Work required
Nothing beyond the line containing "Answer: Yes What" is to be printed; print exactly each line from the start of the records below through that line, leaving out pictures.

━━━━━ Data

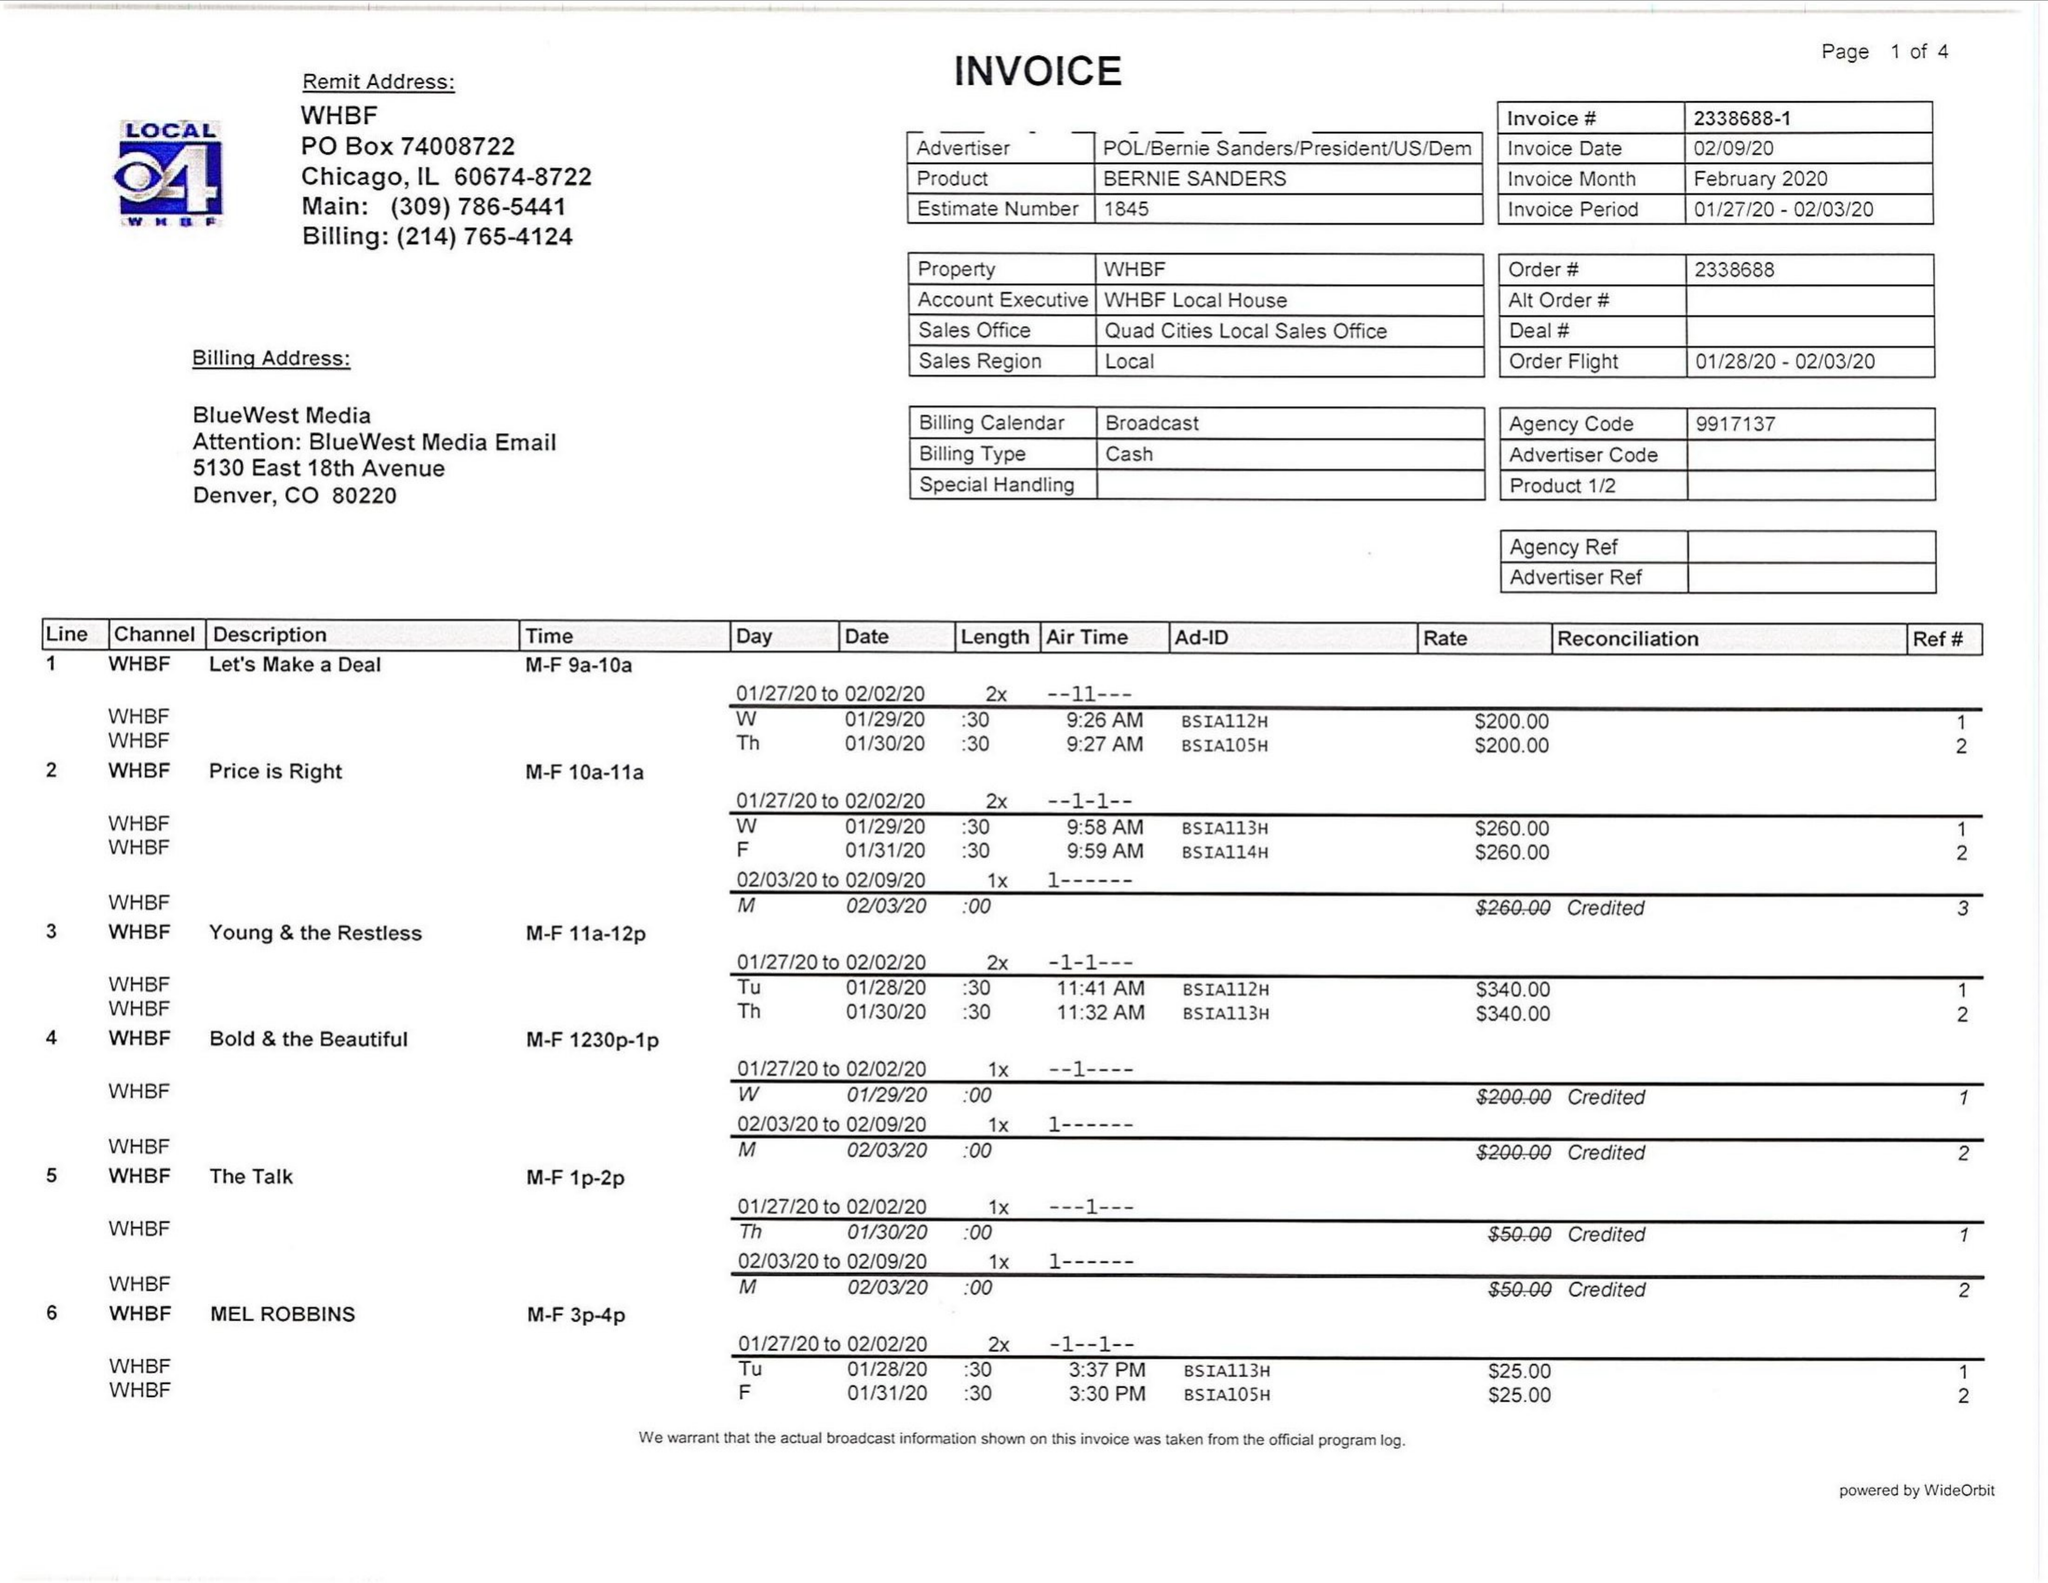What is the value for the flight_to?
Answer the question using a single word or phrase. 02/03/20 
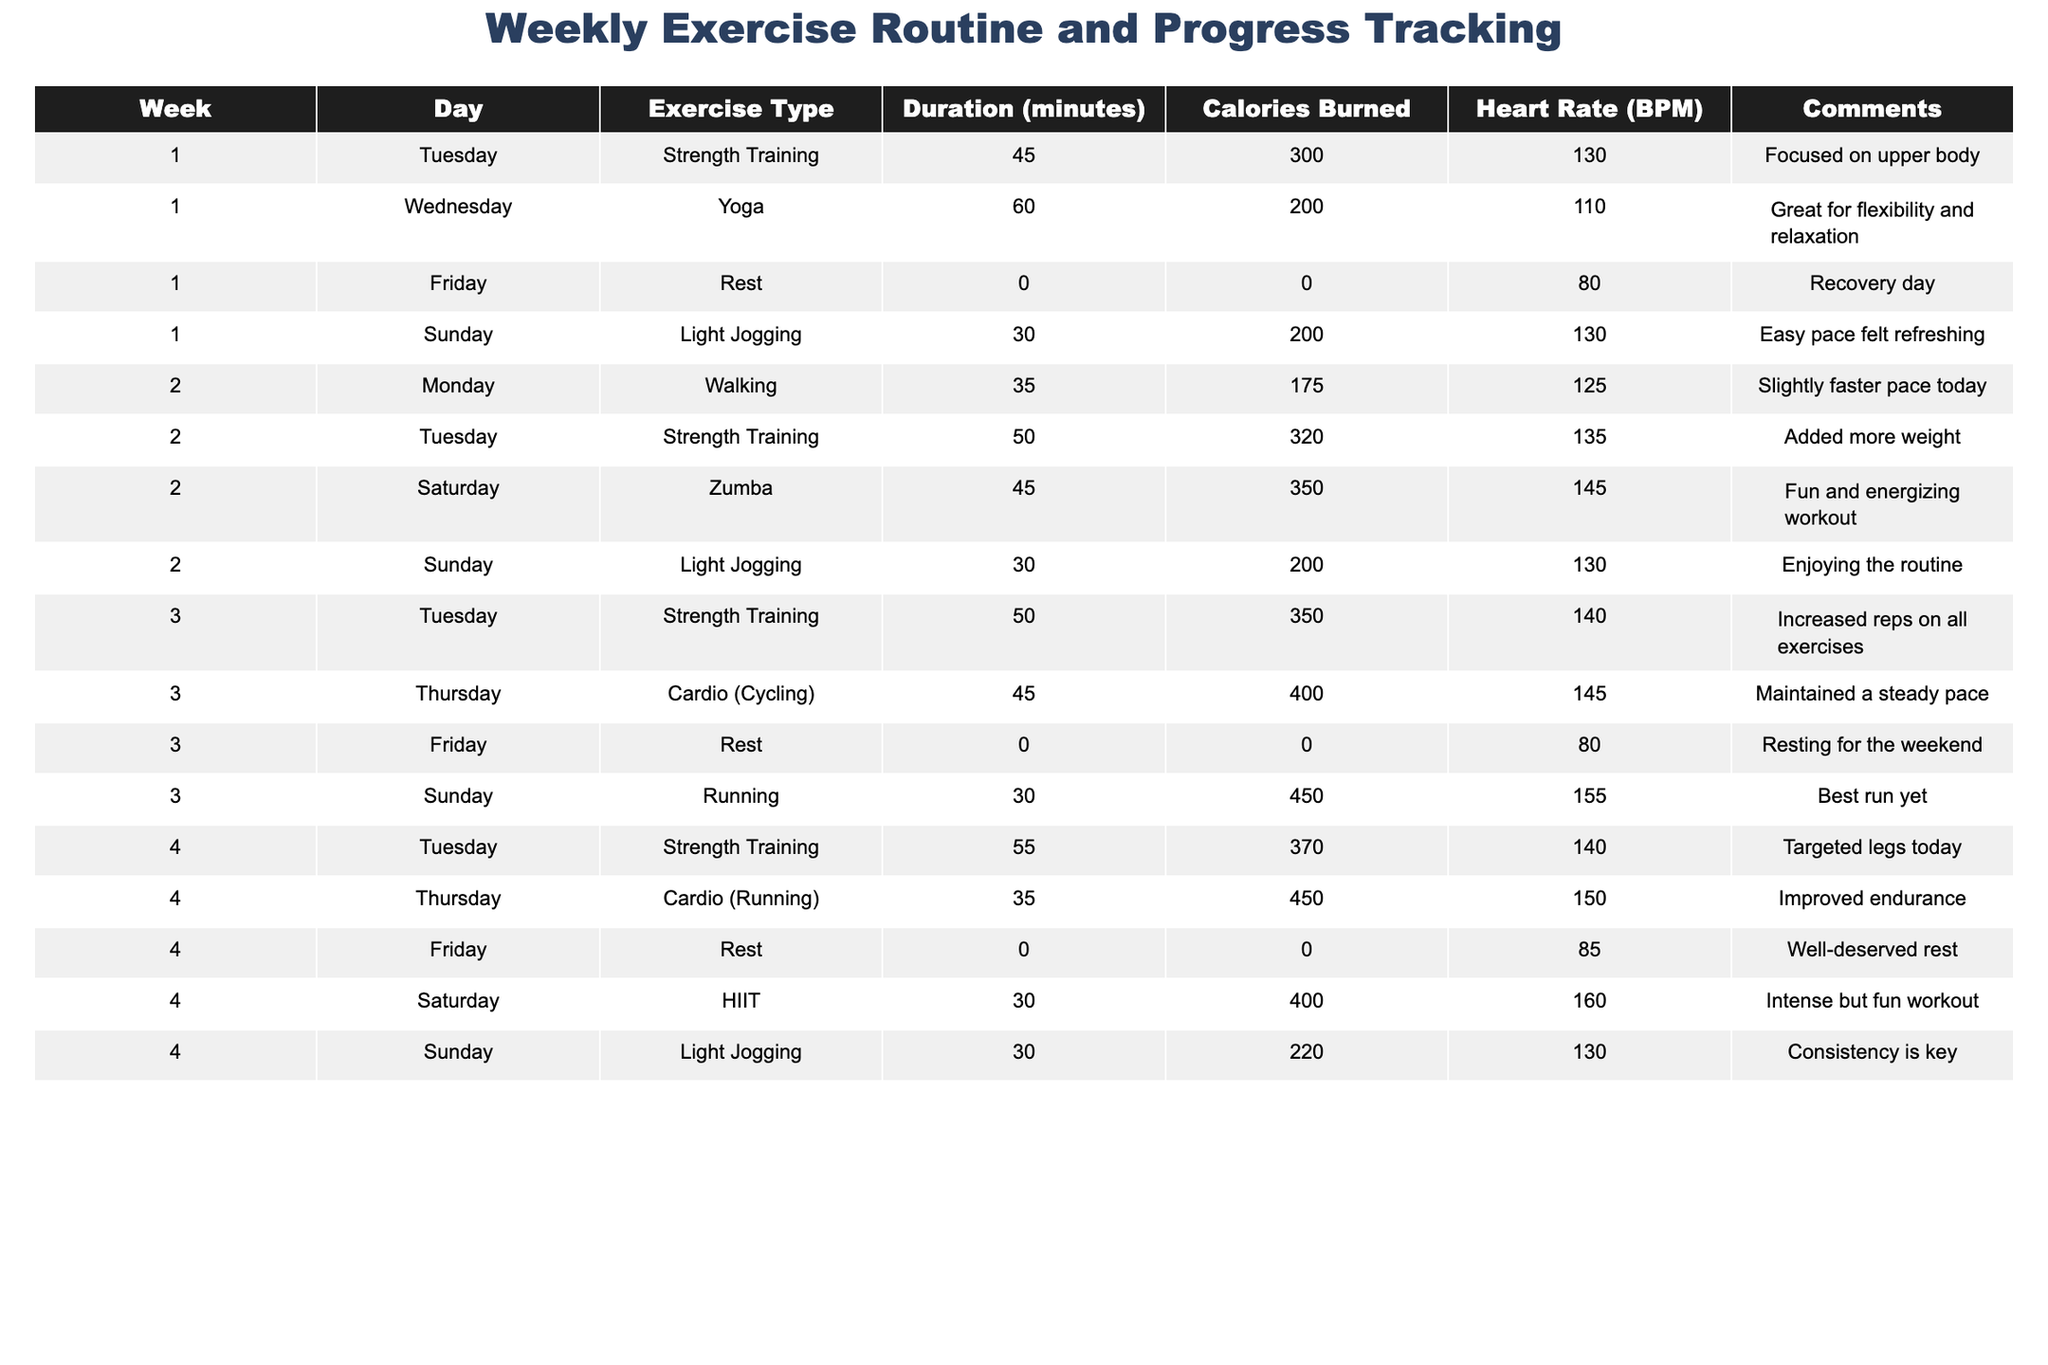What was the total duration of exercise for Week 1? In Week 1, the durations were 45 minutes (Tuesday), 60 minutes (Wednesday), 0 minutes (Friday), and 30 minutes (Sunday). Adding these gives 45 + 60 + 0 + 30 = 135 minutes.
Answer: 135 minutes On which day did the highest calories get burned in Week 3? In Week 3, the calories burned were 350 on Tuesday, 400 on Thursday, 0 on Friday, and 450 on Sunday. The highest was on Sunday with 450 calories.
Answer: Sunday What type of exercise was done on Saturday of Week 2? On Saturday of Week 2, the exercise type was Zumba.
Answer: Zumba Was there a rest day in Week 4? Yes, Friday in Week 4 was designated as a rest day with 0 minutes of exercise.
Answer: Yes What was the average heart rate during the light jogging sessions across all weeks? Light jogging was done in Week 1 (130 BPM), Week 2 (130 BPM), Week 3 (not applicable), and Week 4 (130 BPM). Summing those gives 130 + 130 + 130 = 390, then divide by 3 sessions: 390/3 = 130 BPM.
Answer: 130 BPM Which exercise type had the maximum duration in Week 4? In Week 4, the exercise durations were 55 minutes (Strength Training), 35 minutes (Running), 0 minutes (Rest), 30 minutes (HIIT), and 30 minutes (Light Jogging). The maximum is 55 minutes for Strength Training.
Answer: Strength Training How many total calories were burned throughout Week 2? In Week 2, the calories burned were 175 (Walking), 320 (Strength Training), 350 (Zumba), and 200 (Light Jogging). Adding these gives 175 + 320 + 350 + 200 = 1045 calories.
Answer: 1045 calories Was the heart rate higher during the HIIT session compared to the Strength Training session in Week 4? In Week 4, the heart rate for HIIT was 160 BPM and for Strength Training was 140 BPM. 160 is higher than 140.
Answer: Yes Which week had the most consistent exercise type across all days? Week 1 had varied types with Strength Training, Yoga, Rest, and Light Jogging; Week 2 saw Walking, Strength Training, Zumba, and Light Jogging; whereas Week 4 had Strength Training, Running, Rest, HIIT, and Light Jogging. None had a single type across all days so it's a mixed result. However, Week 4 had a consistent pattern with both running and jogging types on various days.
Answer: Week 4 How much more duration was allocated to strength training in Week 3 compared to Week 1? In Week 3, strength training lasted 50 minutes, while in Week 1 it was 45 minutes. The difference is 50 - 45 = 5 minutes more.
Answer: 5 minutes What was the total number of exercise sessions recorded for the entire period? There are 12 sessions in total across the 4 weeks, with specific exercises logged each week. Counting all the entries gives us 12 sessions.
Answer: 12 sessions

━━━━━━━━━━

Solution for this problem
What is the value for the flight_to?
Answer the question using a single word or phrase. 02/03/20 
What was the total duration of exercise for Week 1? In Week 1, the durations were 45 minutes (Tuesday), 60 minutes (Wednesday), 0 minutes (Friday), and 30 minutes (Sunday). Adding these gives 45 + 60 + 0 + 30 = 135 minutes.
Answer: 135 minutes On which day did the highest calories get burned in Week 3? In Week 3, the calories burned were 350 on Tuesday, 400 on Thursday, 0 on Friday, and 450 on Sunday. The highest was on Sunday with 450 calories.
Answer: Sunday What type of exercise was done on Saturday of Week 2? On Saturday of Week 2, the exercise type was Zumba.
Answer: Zumba Was there a rest day in Week 4? Yes, Friday in Week 4 was designated as a rest day with 0 minutes of exercise.
Answer: Yes What was the average heart rate during the light jogging sessions across all weeks? Light jogging was done in Week 1 (130 BPM), Week 2 (130 BPM), Week 3 (not applicable), and Week 4 (130 BPM). Summing those gives 130 + 130 + 130 = 390, then divide by 3 sessions: 390/3 = 130 BPM.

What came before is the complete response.